Üçüncü fasıl matematik ilimleri hakkındadır. Bu kapsamda aritmetik, geometri, optik, astronomi, müzik, mekanik ve kaldıraçlar söz konusu edilmiştir.
Dördüncü fasıl fizik ve metafiziğe ayrılmıştır. Filozof, fiziğin konusunu teşkil eden cisimleri önce sınâî ve tabii olmak üzere iki kısma ayırarak inceler. Aristo’nun tabiat ilimleri alanına giren sekiz eseri kendisinden sonra Yeniçağ’a kadar bu konuda başlıca örnek kabul edildiğinden Fârâbî de aynı geleneğe bağlı kalarak söz konusu sekiz kitabı tabiat ilimlerinin bölümleri olarak zikreder. Metafiziği “el-ilmü’l-ilâhî” adıyla verirken temel aldığı örnek yine Aristo’nun Metafizika’sıdır. Felsefenin bu temel disiplinini önce varlığın varlık olarak yorumunu konu alması, diğer bütün teorik ilimlerin ilkelerini vermesi ve son olarak da cisimle ilişkisi bulunmayan mânevî varlıklar alanını araştıran bir ilim olması bakımından üçe ayırarak değerlendirir.

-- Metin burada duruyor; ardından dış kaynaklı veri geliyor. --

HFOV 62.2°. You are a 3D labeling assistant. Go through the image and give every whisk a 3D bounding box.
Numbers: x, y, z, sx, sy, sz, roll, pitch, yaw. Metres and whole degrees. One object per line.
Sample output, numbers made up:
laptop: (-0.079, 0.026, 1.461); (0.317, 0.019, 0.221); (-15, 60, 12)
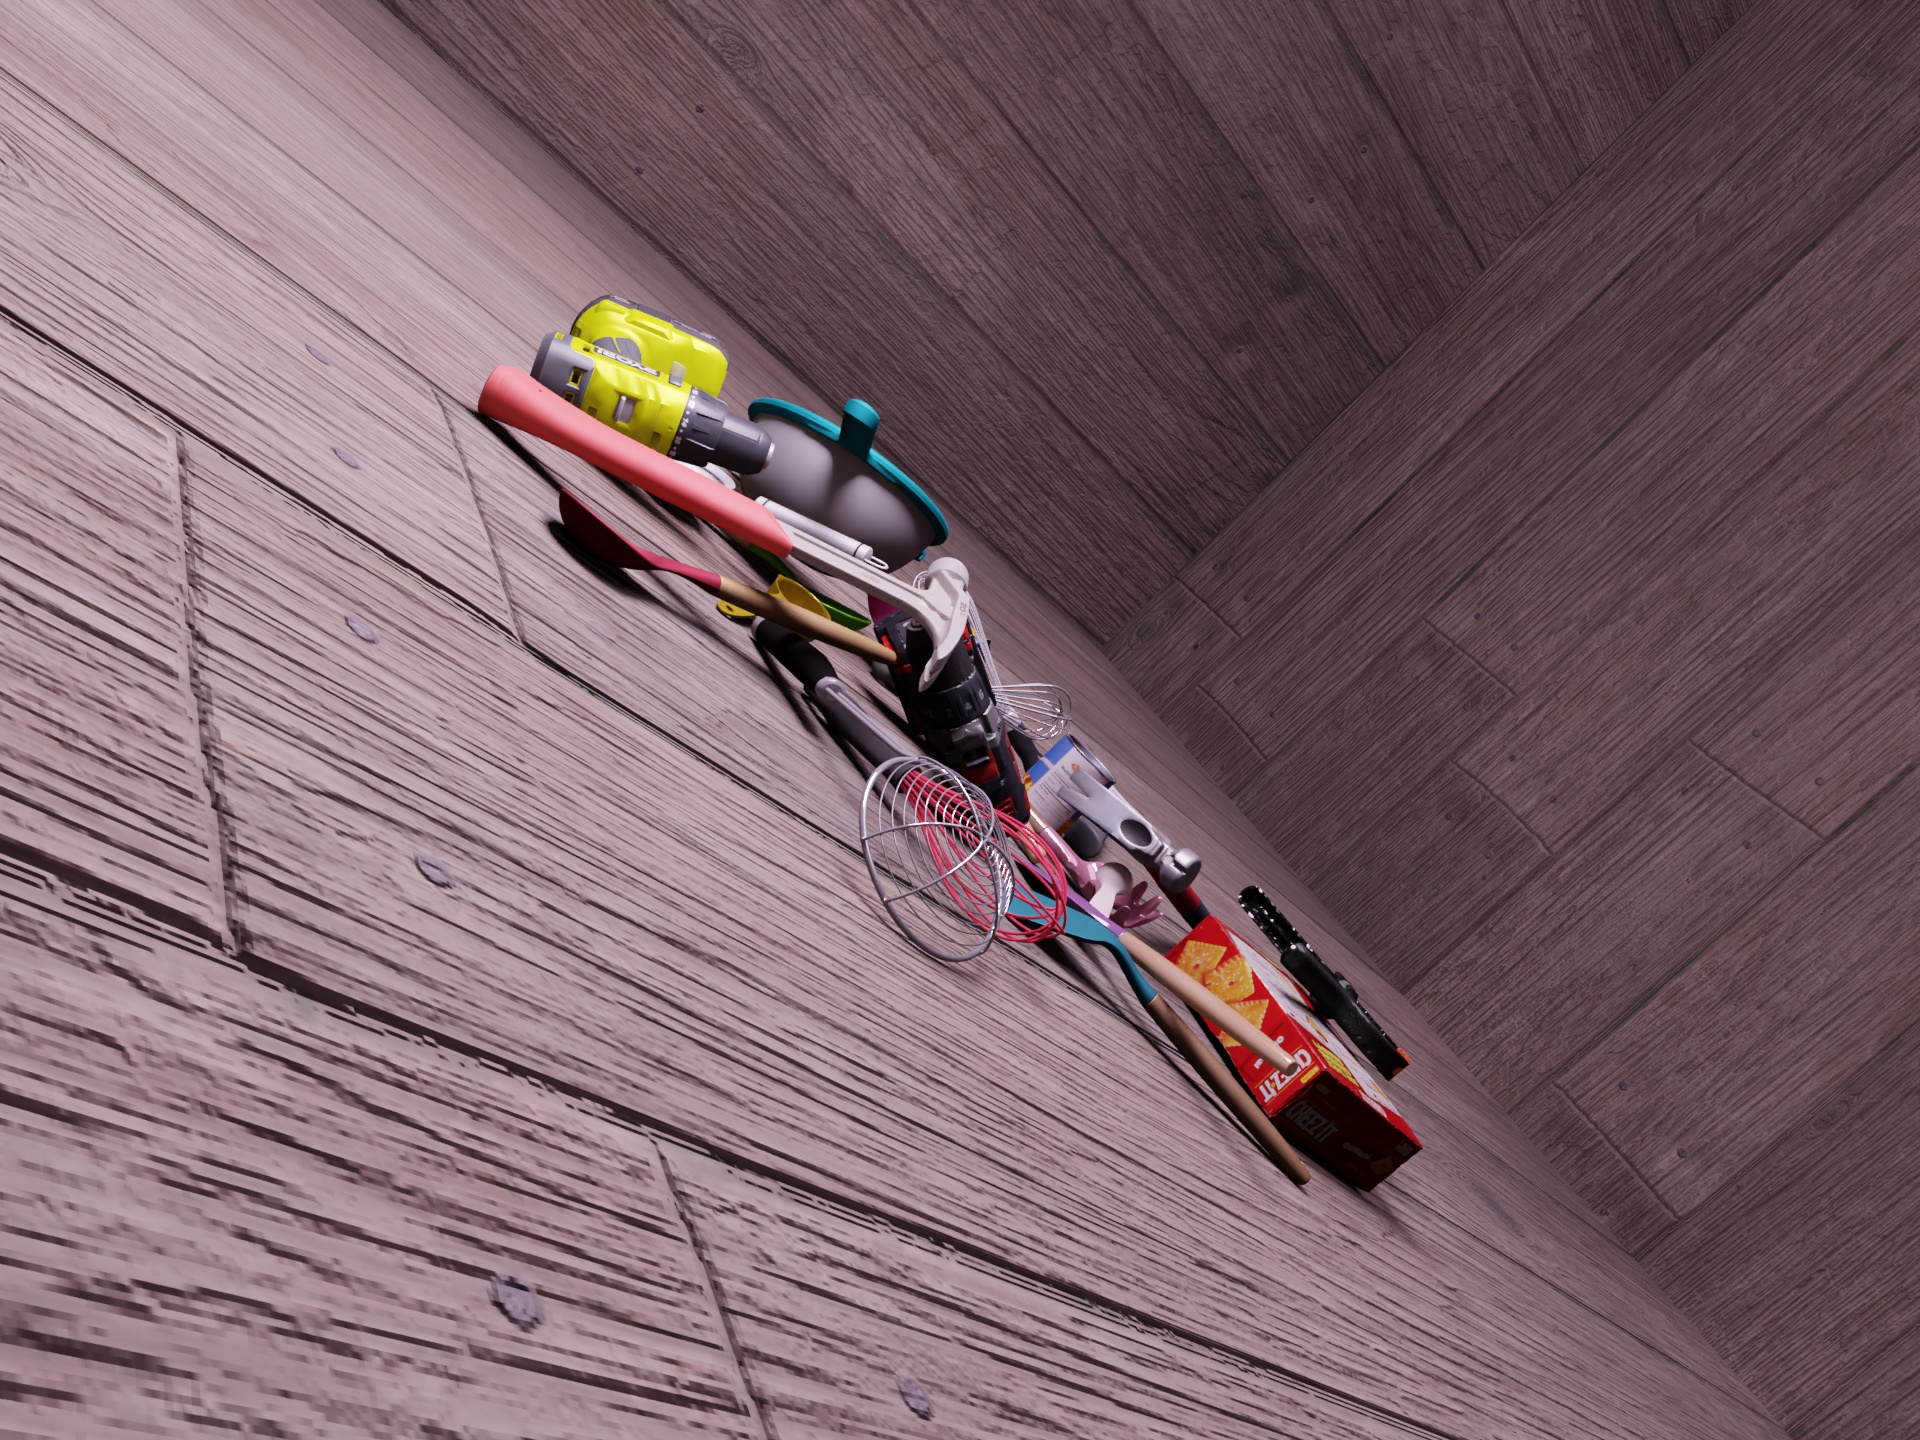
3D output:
whisk: (0.015, -0.026, 1.514); (0.246, 0.059, 0.058); (15, 14, -39)
whisk: (-0.024, 0.053, 1.096); (0.296, 0.073, 0.073); (43, 6, 36)
whisk: (0.031, -0.026, 1.598); (0.284, 0.070, 0.070); (58, 5, -14)

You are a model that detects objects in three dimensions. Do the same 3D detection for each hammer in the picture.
hammer: (-0.160, -0.140, 1.087); (0.359, 0.036, 0.149); (26, 30, -8)
hammer: (0.157, 0.109, 1.743); (0.149, 0.036, 0.409); (47, 9, 4)
hammer: (0.199, 0.157, 1.515); (0.143, 0.038, 0.386); (39, -5, 29)

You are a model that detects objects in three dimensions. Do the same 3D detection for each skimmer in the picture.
skimmer: (-0.077, 0.027, 1.053); (0.127, 0.090, 0.364); (32, 5, -39)

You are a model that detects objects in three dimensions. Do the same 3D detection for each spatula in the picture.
spatula: (0.138, 0.177, 1.196); (0.059, 0.018, 0.316); (42, -5, -42)
spatula: (0.148, 0.231, 1.179); (0.317, 0.044, 0.082); (49, 7, -5)

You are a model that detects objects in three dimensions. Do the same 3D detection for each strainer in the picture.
strainer: (-0.114, -0.191, 1.355); (0.211, 0.095, 0.340); (34, -7, -4)
strainer: (-0.173, -0.176, 1.316); (0.258, 0.050, 0.087); (26, 17, 14)

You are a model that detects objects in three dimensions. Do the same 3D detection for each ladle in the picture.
ladle: (-0.151, -0.087, 1.100); (0.315, 0.031, 0.069); (22, 11, -47)

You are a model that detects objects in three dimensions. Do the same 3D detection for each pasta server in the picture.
pasta server: (0.063, 0.077, 1.443); (0.060, 0.040, 0.316); (-8, 48, -50)

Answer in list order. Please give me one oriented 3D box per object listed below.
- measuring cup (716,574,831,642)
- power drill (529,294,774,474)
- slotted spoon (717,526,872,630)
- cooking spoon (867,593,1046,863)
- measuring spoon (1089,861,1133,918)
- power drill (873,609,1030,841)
measuring cup: (-0.154, -0.083, 1.246); (0.062, 0.029, 0.156); (47, 21, 12)
power drill: (-0.247, -0.271, 1.303); (0.190, 0.080, 0.229); (19, 20, -16)
slotted spoon: (-0.204, -0.173, 1.397); (0.313, 0.031, 0.070); (40, 2, -20)
cooking spoon: (-0.002, -0.005, 1.421); (0.068, 0.017, 0.319); (0, 51, -43)
measuring spoon: (0.121, 0.148, 1.328); (0.034, 0.018, 0.124); (30, 27, 6)
power drill: (-0.012, -0.027, 1.269); (0.227, 0.080, 0.187); (-113, -177, -64)
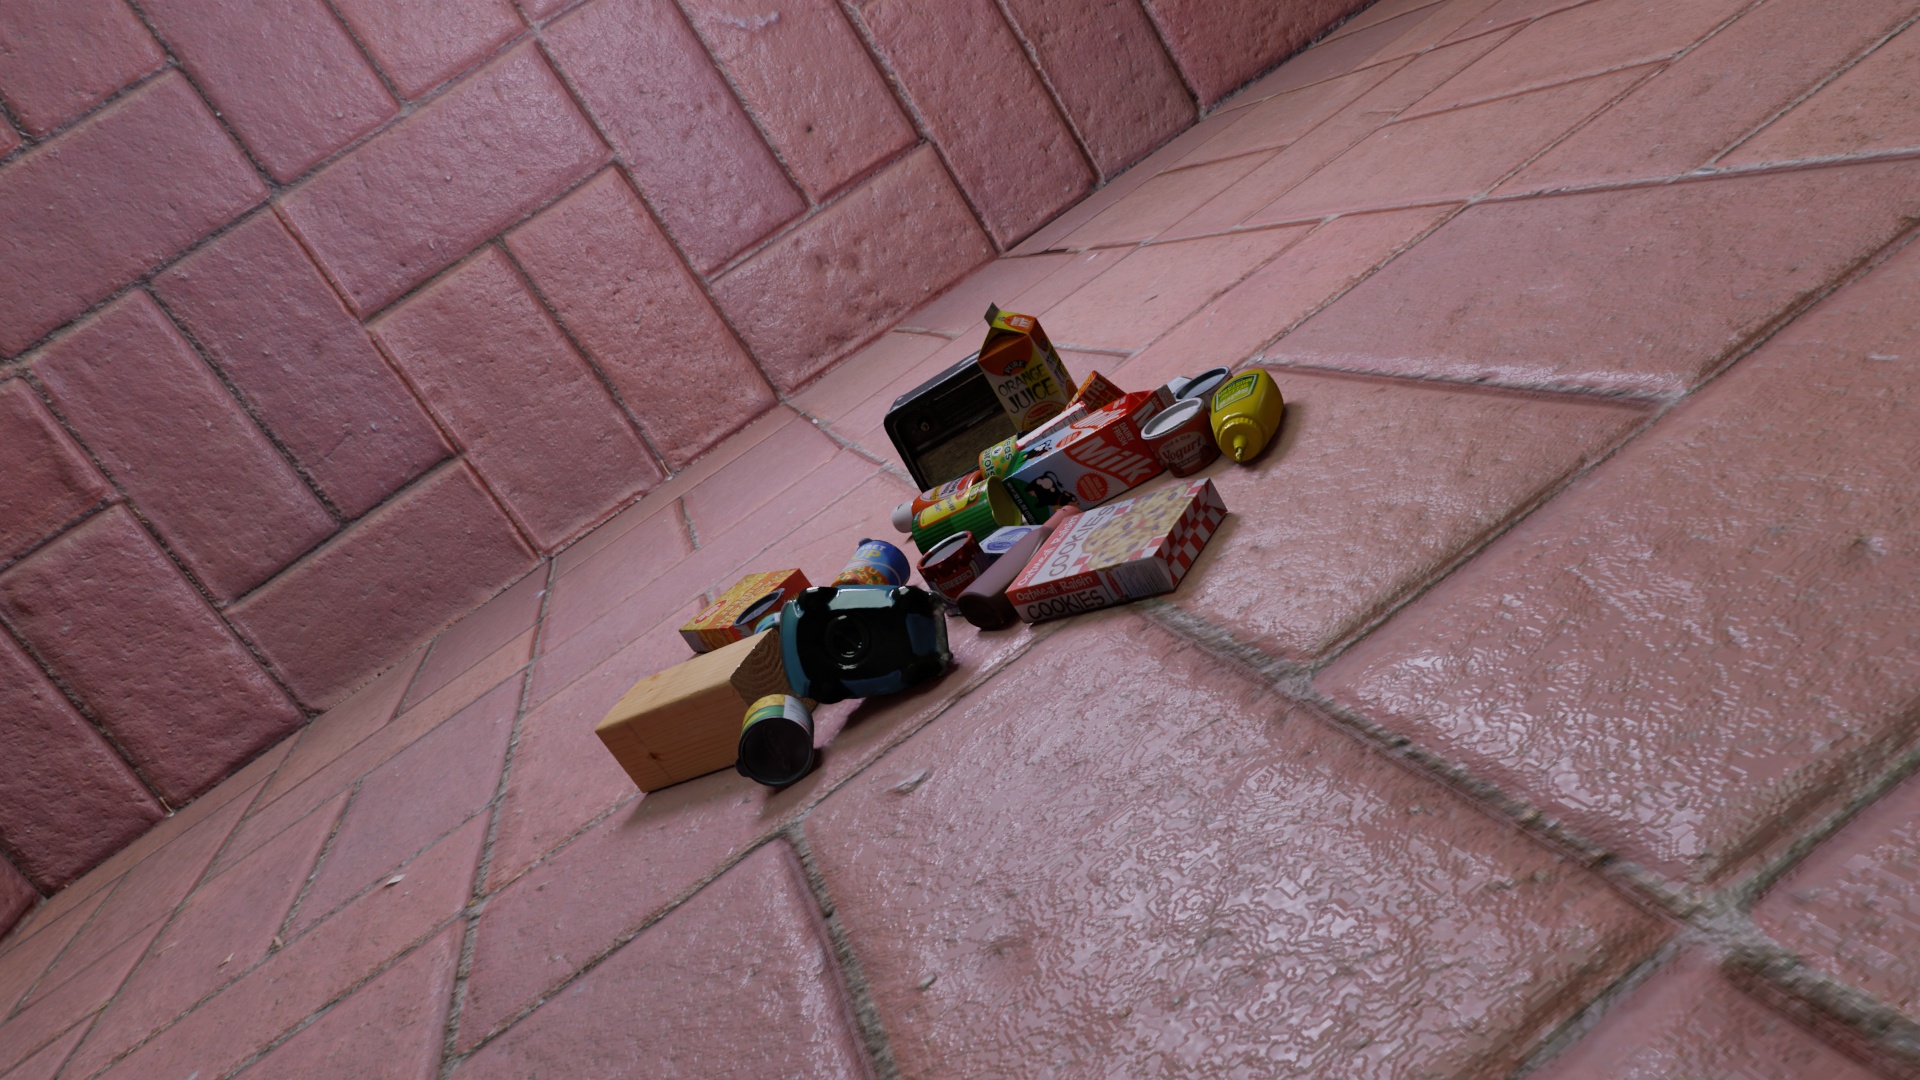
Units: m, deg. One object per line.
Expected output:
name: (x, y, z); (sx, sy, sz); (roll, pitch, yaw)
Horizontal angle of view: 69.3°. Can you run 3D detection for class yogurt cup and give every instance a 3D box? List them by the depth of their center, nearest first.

Beşinci fasılda medenî ilimlerle fıkıh ve kelâm ilimlerini bir başlık altında tanıtır. Filozofun “medenî ilim”den kastı ahlâk ve siyasettir. Fârâbî, burada fıkıh ve kelâmı da pratik ilimlerden saymakla kendisinden önce ve sonra bu konuda yazan müelliflerden farklı bir anlayış ortaya koymuştur. Zira ona göre kelâm, sadece inanç konusunda doğru ve kesin bilgi elde etmeyi değil aynı zamanda o bilgiyi hayata geçirmeyi de amaçlar.

İḥṣâʾü’l-ʿulûm, X. yüzyıl İslâm toplumunda eğitim ve araştırmaya konu olan ilimler hakkında derli toplu bilgi vermek, her ilmin mahiyeti, muhtevası ve faydasına dair okuyucuyu aydınlatmak amacıyla kaleme alınmış bir el kitabı niteliğini taşımaktadır. Eserin, ayrıntıda bazı farklar bulunmakla birlikte bu konuda çalışma yapan sonraki müellifler için başlıca ilham kaynağı olduğu genellikle kabul edilmektedir. Meselâ İhvân-ı Safâ’nın Resâʾil’i, Hârizmî’nin Mefâtîḥu’l-ʿulûm’u, İbn Sînâ’nın Aḳsâmü’l-ʿulûmi’l-ʿaḳliyye’si, Fahreddin er-Râzî’nin Câmiʿu’l-ʿulûm’u, İbnü’l-Ekfânî’nin İrşâdü’l-ḳāṣıd ilâ es-ne’l-maḳāṣıd’ı ile İbn Haldûn’un Muḳaddime’sindeki ilimler tasnifi, Taşköprizâde’nin Miftâḥu’s-saʿâde’si, Kâtib Çelebi’nin Keşfü’ẓ-ẓunûn’u ve nihayet Sıddîk Hasan Han’ın Ebcedü’l-ʿulûm’u bunların en tanınmışlarıdır.